■ **Your objective**:
Report each line of the entries that includes "units" by copying it.
-*-*-
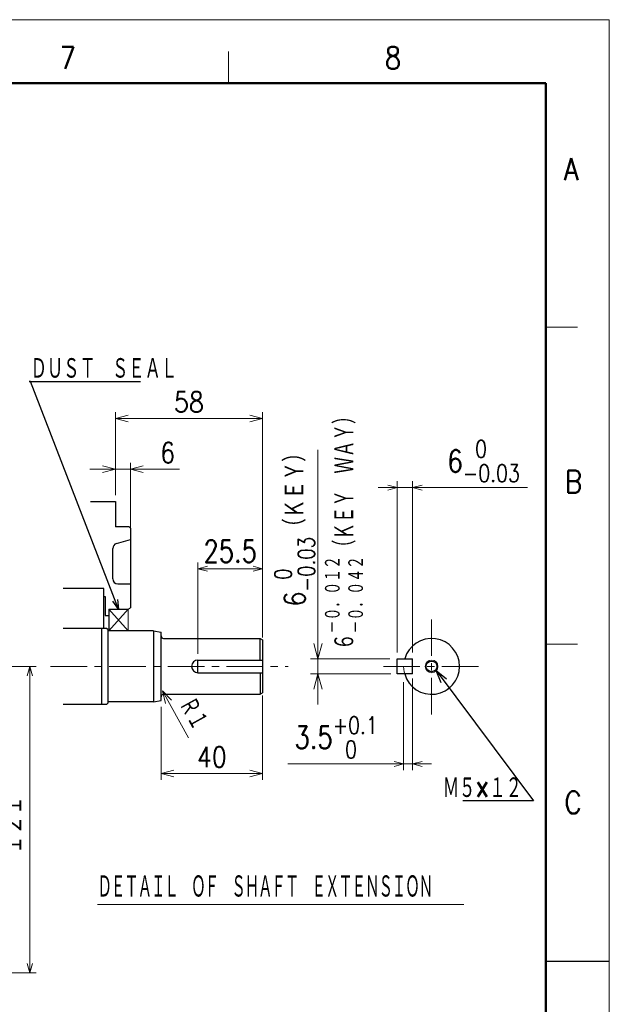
# Model space of a CAD drawing. Header units: millimetres. Extents: x 0 to 1071, y 0 to 742.
# Tile 131 of 131: x 818 to 1050, y 354 to 742. Entities that reach past the tile are written whole.
import ezdxf

# ---------------------------------------------------------------- set-up
doc = ezdxf.new("R2010")
doc.units = ezdxf.units.MM
doc.header["$LTSCALE"] = 0.454724
doc.linetypes.add('CENTER', pattern=[50.8, 31.75, -6.35, 6.35, -6.35])
doc.layers.add('NoLayerName_001', color=7, linetype='Continuous')
doc.layers.add('NoLayerName_002', color=7, linetype='Continuous')
doc.styles.get("Standard").update_dxf_attribs({"font": 'txt', "bigfont": 'extfont2'})
doc.dimstyles.get("Standard").update_dxf_attribs({"dimtxt": 2.5, "dimasz": 2.5, "dimexe": 1, "dimexo": 1, "dimtad": 1, "dimdec": 3, "dimzin": 0, "dimdsep": 46, "dimtxsty": 'Standard', "dimcen": 2.5, "dimadec": 3, "dimazin": 0, "dimtfac": 0.75, "dimtdec": 3, "dimtmove": 0, "dimatfit": 3, "dimfxl": 1, "dimarcsym": 0})

# ---------------------------------------------------------------- blocks, each defined once
blk = doc.blocks.new('_OPEN30')
at = {"color": 0, "linetype": 'ByBlock', "lineweight": -2}
for p, q in [((-1, 0.267949), (0, 0)), ((0, 0), (-1, -0.267949)), ((0, 0), (-1, 0))]:
    blk.add_line(p, q, dxfattribs=at)
blk = doc.blocks.new('*D106')
at = {"layer": 'Defpoints', "color": 0}
for p in [(807.5, 487.5), (746, 366.6), (821.76, 366.6)]:
    blk.add_point(p, dxfattribs=at)
at = {"layer": 'NoLayerName_001', "color": 0, "linetype": 'Continuous', "lineweight": 13}
for p, q in [((810, 487.5), (824.26, 487.5)), ((821.76, 483.75), (821.76, 370.35)), ((748.5, 366.6), (824.26, 366.6))]:
    blk.add_line(p, q, dxfattribs=at)
at = {"layer": 'NoLayerName_001', "color": 0, "lineweight": 13, "xscale": 3.75, "yscale": 3.75, "zscale": 3.75}
for p, rotation in [((821.76, 487.5), 90), ((821.76, 366.6), 270)]:
    blk.add_blockref('_OPEN30', p, dxfattribs=dict(at, rotation=rotation))
at = {"layer": 'NoLayerName_001', "color": 0, "lineweight": 13, "insert": (814.89, 424.84), "char_height": 8.75, "attachment_point": 5, "rotation": 90}
blk.add_mtext('\\W0.8000;１２１', dxfattribs=at)
blk = doc.blocks.new('*D108')
at = {"layer": 'Defpoints', "color": 0}
for p in [(861.44, 565.25), (855.44, 552.5), (861.44, 537.5)]:
    blk.add_point(p, dxfattribs=at)
at = {"layer": 'NoLayerName_001', "color": 0, "linetype": 'Continuous', "lineweight": 13}
for p, q in [((855.44, 555), (855.44, 567.75)), ((861.44, 540), (861.44, 567.75)), ((850.44, 565.25), (845.44, 565.25)), ((855.44, 565.25), (861.44, 565.25)), ((861.44, 565.25), (880.7, 565.25)), ((866.44, 565.25), (871.44, 565.25))]:
    blk.add_line(p, q, dxfattribs=at)
at = {"layer": 'NoLayerName_001', "color": 0, "lineweight": 13, "xscale": 5, "yscale": 5, "zscale": 5}
blk.add_blockref('_OPEN30', (855.44, 565.25), dxfattribs=at)
at = {"layer": 'NoLayerName_001', "color": 0, "lineweight": 13, "xscale": 5, "yscale": 5, "zscale": 5, "rotation": 180}
blk.add_blockref('_OPEN30', (861.44, 565.25), dxfattribs=at)
at = {"layer": 'NoLayerName_001', "color": 0, "lineweight": 13, "insert": (876.07, 571.75), "char_height": 8, "attachment_point": 5}
blk.add_mtext('\\W0.8594;6', dxfattribs=at)
blk = doc.blocks.new('*D109')
at = {"layer": 'Defpoints', "color": 0}
for p in [(913.44, 585.25), (855.44, 552.5), (913.44, 496.42)]:
    blk.add_point(p, dxfattribs=at)
at = {"layer": 'NoLayerName_001', "color": 0, "linetype": 'Continuous', "lineweight": 13}
for p, q in [((855.44, 555), (855.44, 587.75)), ((913.44, 498.92), (913.44, 587.75)), ((860.44, 585.25), (908.44, 585.25))]:
    blk.add_line(p, q, dxfattribs=at)
at = {"layer": 'NoLayerName_001', "color": 0, "lineweight": 13, "xscale": 5, "yscale": 5, "zscale": 5, "rotation": 180}
blk.add_blockref('_OPEN30', (855.44, 585.25), dxfattribs=at)
at = {"layer": 'NoLayerName_001', "color": 0, "lineweight": 13, "xscale": 5, "yscale": 5, "zscale": 5}
blk.add_blockref('_OPEN30', (913.44, 585.25), dxfattribs=at)
at = {"layer": 'NoLayerName_001', "color": 0, "lineweight": 13, "insert": (884.44, 591.75), "char_height": 8, "attachment_point": 5}
blk.add_mtext('\\W0.8594;58', dxfattribs=at)
blk = doc.blocks.new('*D110')
at = {"layer": 'Defpoints', "color": 0}
for p in [(913.44, 478.58), (873.44, 474), (913.44, 445.25)]:
    blk.add_point(p, dxfattribs=at)
at = {"layer": 'NoLayerName_001', "color": 0, "linetype": 'Continuous', "lineweight": 13}
for p, q in [((913.44, 476.08), (913.44, 442.75)), ((873.44, 471.5), (873.44, 442.75)), ((878.44, 445.25), (908.44, 445.25))]:
    blk.add_line(p, q, dxfattribs=at)
at = {"layer": 'NoLayerName_001', "color": 0, "lineweight": 13, "xscale": 5, "yscale": 5, "zscale": 5, "rotation": 180}
blk.add_blockref('_OPEN30', (873.44, 445.25), dxfattribs=at)
at = {"layer": 'NoLayerName_001', "color": 0, "lineweight": 13, "xscale": 5, "yscale": 5, "zscale": 5}
blk.add_blockref('_OPEN30', (913.44, 445.25), dxfattribs=at)
at = {"layer": 'NoLayerName_001', "color": 0, "lineweight": 13, "insert": (893.44, 451.75), "char_height": 8, "attachment_point": 5}
blk.add_mtext('\\W0.8594;40', dxfattribs=at)
blk = doc.blocks.new('*D111')
at = {"layer": 'Defpoints', "color": 0}
for p in [(887.94, 526.02), (913.44, 496.42), (887.94, 490)]:
    blk.add_point(p, dxfattribs=at)
at = {"layer": 'NoLayerName_001', "color": 0, "linetype": 'Continuous', "lineweight": 13}
for p, q in [((887.94, 492.5), (887.94, 528.52)), ((913.44, 498.92), (913.44, 528.52)), ((909.69, 526.02), (891.69, 526.02))]:
    blk.add_line(p, q, dxfattribs=at)
at = {"layer": 'NoLayerName_001', "color": 0, "lineweight": 13, "xscale": 3.75, "yscale": 3.75, "zscale": 3.75, "rotation": 180}
blk.add_blockref('_OPEN30', (887.94, 526.02), dxfattribs=at)
at = {"layer": 'NoLayerName_001', "color": 0, "lineweight": 13, "xscale": 3.75, "yscale": 3.75, "zscale": 3.75}
blk.add_blockref('_OPEN30', (913.44, 526.02), dxfattribs=at)
at = {"layer": 'NoLayerName_001', "color": 0, "lineweight": 13, "insert": (900.69, 532.89), "char_height": 8.75, "attachment_point": 5}
blk.add_mtext('\\W0.8000;25.5', dxfattribs=at)
blk = doc.blocks.new('*D112')
at = {"layer": 'Defpoints', "color": 0}
for p in [(935.25, 490.5), (966.5, 490.5), (967, 484.5)]:
    blk.add_point(p, dxfattribs=at)
at = {"layer": 'NoLayerName_002', "color": 0, "linetype": 'Continuous', "lineweight": 13}
for p, q in [((935.25, 490.5), (935.25, 572.83)), ((935.25, 496.5), (935.25, 502.5)), ((963.5, 490.5), (932.25, 490.5)), ((935.25, 484.5), (935.25, 490.5)), ((964, 484.5), (932.25, 484.5)), ((935.25, 478.5), (935.25, 472.5))]:
    blk.add_line(p, q, dxfattribs=at)
at = {"layer": 'NoLayerName_002', "color": 0, "lineweight": 13, "xscale": 6, "yscale": 6, "zscale": 6}
for p, rotation in [((935.25, 490.5), 270), ((935.25, 484.5), 90)]:
    blk.add_blockref('_OPEN30', p, dxfattribs=dict(at, rotation=rotation))
at = {"layer": 'NoLayerName_002', "color": 0, "lineweight": 13, "insert": (926.09, 543.35), "char_height": 8.4, "attachment_point": 5, "rotation": 90}
blk.add_mtext('\\A1;\\W0.8000;6{\\H6.562080;\\S 0^ -0.03;}（ＫＥＹ）    ', dxfattribs=at)
blk = doc.blocks.new('*D113')
at = {"layer": 'Defpoints', "color": 0}
for p in [(969, 483.79), (972.5, 485.28), (969, 449.04)]:
    blk.add_point(p, dxfattribs=at)
at = {"layer": 'NoLayerName_001', "color": 0, "linetype": 'Continuous', "lineweight": 13}
for p, q in [((972.5, 482.78), (972.5, 446.54)), ((969, 481.29), (969, 446.54)), ((969, 449.04), (923.39, 449.04)), ((965.25, 449.04), (961.5, 449.04)), ((972.5, 449.04), (969, 449.04)), ((976.25, 449.04), (980, 449.04))]:
    blk.add_line(p, q, dxfattribs=at)
at = {"layer": 'NoLayerName_001', "color": 0, "lineweight": 13, "xscale": 3.75, "yscale": 3.75, "zscale": 3.75}
blk.add_blockref('_OPEN30', (969, 449.04), dxfattribs=at)
at = {"layer": 'NoLayerName_001', "color": 0, "lineweight": 13, "xscale": 3.75, "yscale": 3.75, "zscale": 3.75, "rotation": 180}
blk.add_blockref('_OPEN30', (972.5, 449.04), dxfattribs=at)
at = {"layer": 'NoLayerName_001', "color": 0, "lineweight": 13, "insert": (942.44, 459.51), "char_height": 8.75, "attachment_point": 5}
blk.add_mtext('\\A1;\\W0.8000;3.5{\\H6.835500;\\S+0.1^  0;}', dxfattribs=at)
blk = doc.blocks.new('*D114')
at = {"layer": 'Defpoints', "color": 0}
for p in [(972.5, 557.99), (966.5, 490.5), (972.5, 490.5)]:
    blk.add_point(p, dxfattribs=at)
at = {"layer": 'NoLayerName_001', "color": 0, "linetype": 'Continuous', "lineweight": 13}
for p, q in [((966.5, 493), (966.5, 560.49)), ((972.5, 493), (972.5, 560.49)), ((962.75, 557.99), (959, 557.99)), ((966.5, 557.99), (972.5, 557.99)), ((972.5, 557.99), (1017.81, 557.99)), ((976.25, 557.99), (980, 557.99))]:
    blk.add_line(p, q, dxfattribs=at)
at = {"layer": 'NoLayerName_001', "color": 0, "lineweight": 13, "xscale": 3.75, "yscale": 3.75, "zscale": 3.75}
blk.add_blockref('_OPEN30', (966.5, 557.99), dxfattribs=at)
at = {"layer": 'NoLayerName_001', "color": 0, "lineweight": 13, "xscale": 3.75, "yscale": 3.75, "zscale": 3.75, "rotation": 180}
blk.add_blockref('_OPEN30', (972.5, 557.99), dxfattribs=at)
at = {"layer": 'NoLayerName_001', "color": 0, "lineweight": 13, "insert": (1000.53, 568.46), "char_height": 8.75, "attachment_point": 5}
blk.add_mtext('\\A1;\\W0.8000;6{\\H6.835500;\\S 0^ -0.03;}', dxfattribs=at)
blk = doc.blocks.new('DIM_0002')
at = {"color": 3, "linetype": 'Continuous', "lineweight": 13}
blk.add_line((10.3, 0), (0, 18.59), dxfattribs=at)
blk.add_lwpolyline([(3.6, 14.86), (0, 18.59), (1.25, 13.56)], dxfattribs=at)
at = {"color": 3, "linetype": 'Continuous', "lineweight": 13, "width": 0.716146}
blk.add_text('Ｒ１', height=8, rotation=298.9943, dxfattribs=at).set_placement((5.82, 13.24))

msp = doc.modelspace()

# ---------------------------------------------------------------- linework, layer by layer
at = {"layer": 'NoLayerName_001', "color": 7, "linetype": 'Continuous', "lineweight": 13}
for p in [(0, 742.5), (1050, 0)]:
    msp.add_line(p, (1050, 742.5), dxfattribs=at)
at = {"layer": 'NoLayerName_001', "color": 2, "linetype": 'Continuous', "lineweight": 13}
for p, q in [((900, 717.5), (900, 730)), ((1025, 621.25), (1037.5, 621.25)), ((852.9412, 510), (860.4412, 501.5)), ((860.4412, 510), (852.9412, 501.5)), ((860.4412, 510), (860.4412, 501.5)), ((1037.5, 496.25), (1025, 496.25)), ((848.4068, 393.5533), (992.6568, 393.5533))]:
    msp.add_line(p, q, dxfattribs=at)
at = {"layer": 'NoLayerName_001', "color": 7, "linetype": 'Continuous', "lineweight": 50}
for p, q in [((62.5, 717.5), (1025, 717.5)), ((1025, 717.5), (1025, 25))]:
    msp.add_line(p, q, dxfattribs=at)
at = {"layer": 'NoLayerName_001', "color": 7, "linetype": 'Continuous', "lineweight": 25}
for p, q in [((845.6712, 552.5), (855.4412, 552.5)), ((855.4412, 552.5), (855.4412, 542.5)), ((860.9412, 542.5), (855.4412, 542.5)), ((861.4412, 542), (860.9412, 542.5)), ((861.4412, 542), (861.4412, 510.5774)), ((855.8917, 535.9144), (861.4412, 537.5)), ((854.4412, 522), (854.4412, 533.9914)), ((850.9411, 518.2), (834.9412, 518.2)), ((850.9411, 502.5), (850.9411, 518.2)), ((856.4412, 520), (861.4412, 520)), ((850.9411, 515), (851.4411, 515)), ((851.4412, 515), (851.4412, 507.5)), ((852.9412, 510), (860.4412, 510)), ((852.9412, 510), (852.9412, 501.5)), ((860.4412, 510), (861.4412, 510.5774)), ((851.4412, 507.5), (852.9412, 507.5)), ((851.9412, 502.5), (834.9412, 502.5)), ((849.9412, 502.5), (849.9412, 472.5)), ((852.4412, 502), (851.9412, 502.5)), ((852.4412, 502), (852.4412, 473)), ((870.4412, 501.5), (852.4412, 501.5)), ((870.4412, 501.5), (873.4412, 501)), ((870.4412, 501.5), (870.4412, 473.5)), ((873.4412, 474), (873.4412, 501)), ((874.4412, 498.5), (912.4412, 498.5)), ((912.4412, 498.5), (913.4412, 497.9226)), ((912.4412, 490), (912.4412, 498.5)), ((913.4412, 497.9226), (913.4412, 477.0774)), ((887.9412, 485), (887.9412, 490)), ((887.9412, 490), (913.4412, 490)), ((966.5, 484.5), (966.5, 490.5)), ((966.5, 490.5), (972.5, 490.5)), ((966.5, 484.5), (966.5, 490.5)), ((966.5, 490.5), (972.5, 490.5)), ((972.5, 484.5), (972.5, 490.5)), ((972.5, 484.5), (972.5, 490.5)), ((887.9412, 485), (913.4412, 485)), ((912.4412, 485), (912.4412, 476.5)), ((972.5, 484.5), (966.5, 484.5)), ((972.5, 484.5), (966.5, 484.5)), ((870.4412, 473.5), (873.4412, 474)), ((874.4412, 476.5), (912.4412, 476.5)), ((912.4412, 476.5), (913.4412, 477.0774)), ((851.9412, 472.5), (834.9412, 472.5)), ((851.9412, 472.5), (852.4412, 473)), ((870.4412, 473.5), (852.4412, 473.5)), ((1025, 371.25), (1050, 371.25))]:
    msp.add_line(p, q, dxfattribs=at)
at = {"layer": 'NoLayerName_001', "color": 4, "linetype": 'CENTER', "lineweight": 13}
for p, q in [((980, 468.5), (980, 506.5)), ((961, 487.5), (999, 487.5))]:
    msp.add_line(p, q, dxfattribs=at)
at = {"layer": 'NoLayerName_001', "color": 2, "linetype": 'CENTER', "lineweight": 13}
msp.add_line((829.9412, 487.5), (923.4788, 487.5), dxfattribs=at)
at = {"layer": 'NoLayerName_001', "color": 2, "linetype": 'Continuous', "lineweight": 13}
msp.add_circle((980, 487.5), 2.5, dxfattribs=at)
msp.add_circle((980, 487.5), 2.5, dxfattribs=at)
at = {"layer": 'NoLayerName_001', "color": 7, "linetype": 'Continuous', "lineweight": 25}
msp.add_circle((980, 487.5), 2.1, dxfattribs=at)
msp.add_circle((980, 487.5), 2.1, dxfattribs=at)
for centre, radius, start, end in [((856.4412, 533.9914), 2, 105.945396, 180), ((856.4412, 522), 2, 180, 270), ((874.4412, 499.5), 1, 180, 270), ((980, 487.5), 11, 195.82662, 164.17338), ((887.9412, 487.5), 2.5, 90, 270), ((874.4412, 475.5), 1, 90, 180)]:
    msp.add_arc(centre, radius, start, end, dxfattribs=at)
at = {"layer": 'NoLayerName_001', "color": 2, "linetype": 'Continuous', "lineweight": 13}
msp.add_arc((980, 487.5), 11, 180, 0, dxfattribs=at)

# ---------------------------------------------------------------- block references
at = {"layer": 'NoLayerName_001'}
msp.add_blockref('DIM_0002', (873.9564, 459.288), dxfattribs=at)

# ---------------------------------------------------------------- texts
at = {"layer": 'NoLayerName_001', "color": 2, "lineweight": 13}
for s, insert, char_height, attachment_point in [('\\A1;\\W0.8600;7', (833.4838, 723.0783), 8.75, 7), ('\\A1;\\W0.8600;8', (961.5798, 723.0783), 8.75, 7), ('\\A1;\\W0.8600;A', (1032.1394, 679.1608), 8.75, 7), ('\\A1;\\W0.8600;B', (1032.5414, 555.9737), 8.75, 7), ('\\A1;\\W0.8600;C', (1032.3423, 429.4806), 8.75, 7), ('\\A1;\\W0.5482;\\T0.9200;ＤＥＴＡＩＬ\u3000ＯＦ\u3000ＳＨＡＦＴ\u3000ＥＸＴＥＮＳＩＯＮ', (848.4068, 400.5631), 9.5, 4)]:
    msp.add_mtext(s, dxfattribs=dict(at, insert=insert, char_height=char_height, attachment_point=attachment_point))
at = {"layer": 'NoLayerName_001', "color": 3, "linetype": 'Continuous', "lineweight": 13, "char_height": 8.75}
for s, insert, attachment_point, line_spacing_factor in [('\\A1;\\W0.6667;ＤＵＳＴ\u3000ＳＥＡＬ', (822.0582, 600.5108), 7, 0.771429), ('\\A1;\\W0.6667;Ｍ５×１２', (1015.5877, 435.1603), 9, 0.6)]:
    msp.add_mtext(s, dxfattribs=dict(at, insert=insert, attachment_point=attachment_point, line_spacing_factor=line_spacing_factor))
at = {"layer": 'NoLayerName_002', "color": 3, "lineweight": 13, "insert": (953.6031, 494), "char_height": 8.4, "attachment_point": 7, "rotation": 90.000003}
msp.add_mtext('\\A1;\\W0.7041;６{\\A1;\\H0.781x;\\S－０．０１２^ －０．０４２;}（ＫＥＹ\u3000ＷＡＹ）', dxfattribs=at)

# ---------------------------------------------------------------- dimensions: what is measured, and where the dimension line sits
at = {"layer": 'NoLayerName_001', "color": 3, "linetype": 'Continuous', "lineweight": 13}
for base, p1, p2, text, override, picture, middle in [((913.4412, 585.25), (855.4412, 552.5), (913.4412, 496.4226), '\\W0.8594;<>', {"dimtxt": 8, "dimasz": 5, "dimexe": 2.5, "dimexo": 2.5, "dimgap": 2.5, "dimdec": 0, "dimzin": 8, "dimblk": 'OPEN30', "dimclrd": 0, "dimclre": 0, "dimclrt": 0, "dimtp": 0, "dimtm": 0, "dimlwd": 13, "dimlwe": 13}, '*D109', (884.4412, 585.25)), ((972.5, 557.9862), (966.5, 490.5), (972.5, 490.5), '\\W0.8000;<>', {"dimtxt": 8.75, "dimasz": 3.75, "dimexe": 2.5, "dimexo": 2.5, "dimgap": 2.5, "dimzin": 8, "dimblk": 'OPEN30', "dimclrd": 0, "dimclre": 0, "dimclrt": 0, "dimtol": 1, "dimtp": 0, "dimtm": 0.03, "dimtfac": 0.7812, "dimtolj": 1, "dimlwd": 13, "dimlwe": 13}, '*D114', (1000.5302, 557.9862)), ((861.4412, 565.25), (855.4412, 552.5), (861.4412, 537.5), '\\W0.8594;<>', {"dimtxt": 8, "dimasz": 5, "dimexe": 2.5, "dimexo": 2.5, "dimgap": 2.5, "dimdec": 0, "dimzin": 8, "dimblk": 'OPEN30', "dimclrd": 0, "dimclre": 0, "dimclrt": 0, "dimtp": 0, "dimtm": 0, "dimlwd": 13, "dimlwe": 13}, '*D108', (876.0692, 565.25)), ((913.4412, 445.25), (873.4412, 474), (913.4412, 478.5774), '\\W0.8594;<>', {"dimtxt": 8, "dimasz": 5, "dimexe": 2.5, "dimexo": 2.5, "dimgap": 2.5, "dimdec": 0, "dimzin": 8, "dimblk": 'OPEN30', "dimclrd": 0, "dimclre": 0, "dimclrt": 0, "dimtp": 0, "dimtm": 0, "dimlwd": 13, "dimlwe": 13}, '*D110', (893.4412, 445.25))]:
    dim = msp.add_linear_dim(base=base, p1=p1, p2=p2, text=text, dimstyle='Standard', override=override, dxfattribs=at)
    dim.commit()
    dim.dimension.update_dxf_attribs({"geometry": picture, "text_midpoint": middle, "dimtype": 160})
for base, p1, p2, angle, text, override, picture, middle in [((887.9412, 526.0181), (913.4412, 496.4226), (887.9412, 490), 180, '\\W0.8000;<>', {"dimtxt": 8.75, "dimasz": 3.75, "dimexe": 2.5, "dimexo": 2.5, "dimgap": 2.5, "dimzin": 8, "dimblk": 'OPEN30', "dimclrd": 0, "dimclre": 0, "dimclrt": 0, "dimtp": 0, "dimtm": 0, "dimlwd": 13, "dimlwe": 13}, '*D111', (900.6912, 526.0181)), ((821.7632, 366.6), (807.5, 487.5), (746, 366.6), 270, '\\W0.8000;１２１', {"dimtxt": 8.75, "dimasz": 3.75, "dimexe": 2.5, "dimexo": 2.5, "dimgap": 2.5, "dimzin": 8, "dimblk": 'OPEN30', "dimclrd": 0, "dimclre": 0, "dimclrt": 0, "dimtp": 0, "dimtm": 0, "dimlwd": 13, "dimlwe": 13}, '*D106', (821.7632, 424.8444)), ((969, 449.0374), (972.5, 485.2844), (969, 483.7913), 180, '\\W0.8000;<>', {"dimtxt": 8.75, "dimasz": 3.75, "dimexe": 2.5, "dimexo": 2.5, "dimgap": 2.5, "dimzin": 8, "dimblk": 'OPEN30', "dimclrd": 0, "dimclre": 0, "dimclrt": 0, "dimtol": 1, "dimtp": 0.1, "dimtm": 0, "dimtfac": 0.7812, "dimtdec": 1, "dimtolj": 1, "dimlwd": 13, "dimlwe": 13}, '*D113', (942.4433, 449.0374))]:
    dim = msp.add_linear_dim(base=base, p1=p1, p2=p2, angle=angle, text=text, dimstyle='Standard', override=override, dxfattribs=at)
    dim.commit()
    dim.dimension.update_dxf_attribs({"geometry": picture, "text_midpoint": middle, "dimtype": 160})
at = {"layer": 'NoLayerName_002', "color": 3, "linetype": 'Continuous', "lineweight": 13}
dim = msp.add_linear_dim(base=(935.25, 490.5), p1=(967, 484.5), p2=(966.5, 490.5), angle=90, text='\\W0.8000;<>', dimstyle='Standard', override={"dimtxt": 8.4, "dimasz": 6, "dimexe": 3, "dimexo": 3, "dimgap": 1.499999, "dimdec": 0, "dimzin": 8, "dimpost": '<>（ＫＥＹ）    ', "dimblk": 'OPEN30', "dimclrd": 0, "dimclre": 0, "dimclrt": 0, "dimtol": 1, "dimtp": 0, "dimtm": 0.03, "dimtfac": 0.7812, "dimtolj": 1, "dimlwd": 13, "dimlwe": 13}, dxfattribs=at)
dim.commit()
dim.dimension.update_dxf_attribs({"geometry": '*D112', "text_midpoint": (935.25, 543.349), "dimtype": 160})

# ---------------------------------------------------------------- leaders
at = {"layer": 'NoLayerName_001', "color": 3, "linetype": 'Continuous', "lineweight": 13, "annotation_type": 0, "has_hookline": 1}
for points, override, hookline_direction, text_width in [([(856.6912, 510), (822.0582, 599.8858), (821.4332, 599.8858)], {"dimtxt": 8.75, "dimasz": 3.75, "dimldrblk": 'OPEN30'}, 0, 43.3355), ([(981.844, 485.812), (1020.1877, 434.5353), (1016.2127, 434.5353)], {"dimtxt": 8.75, "dimasz": 5, "dimldrblk": 'OPEN30'}, 1, 23.3345)]:
    msp.add_leader(points, dimstyle='Standard', override=override, dxfattribs=dict(at, hookline_direction=hookline_direction, text_width=text_width))

doc.saveas('drawing.dxf')
-*-*-
■ **Task answer**:
# Model space of a CAD drawing. Header units: millimetres. Extents: x 0 to 1071, y 0 to 742.
doc.units = ezdxf.units.MM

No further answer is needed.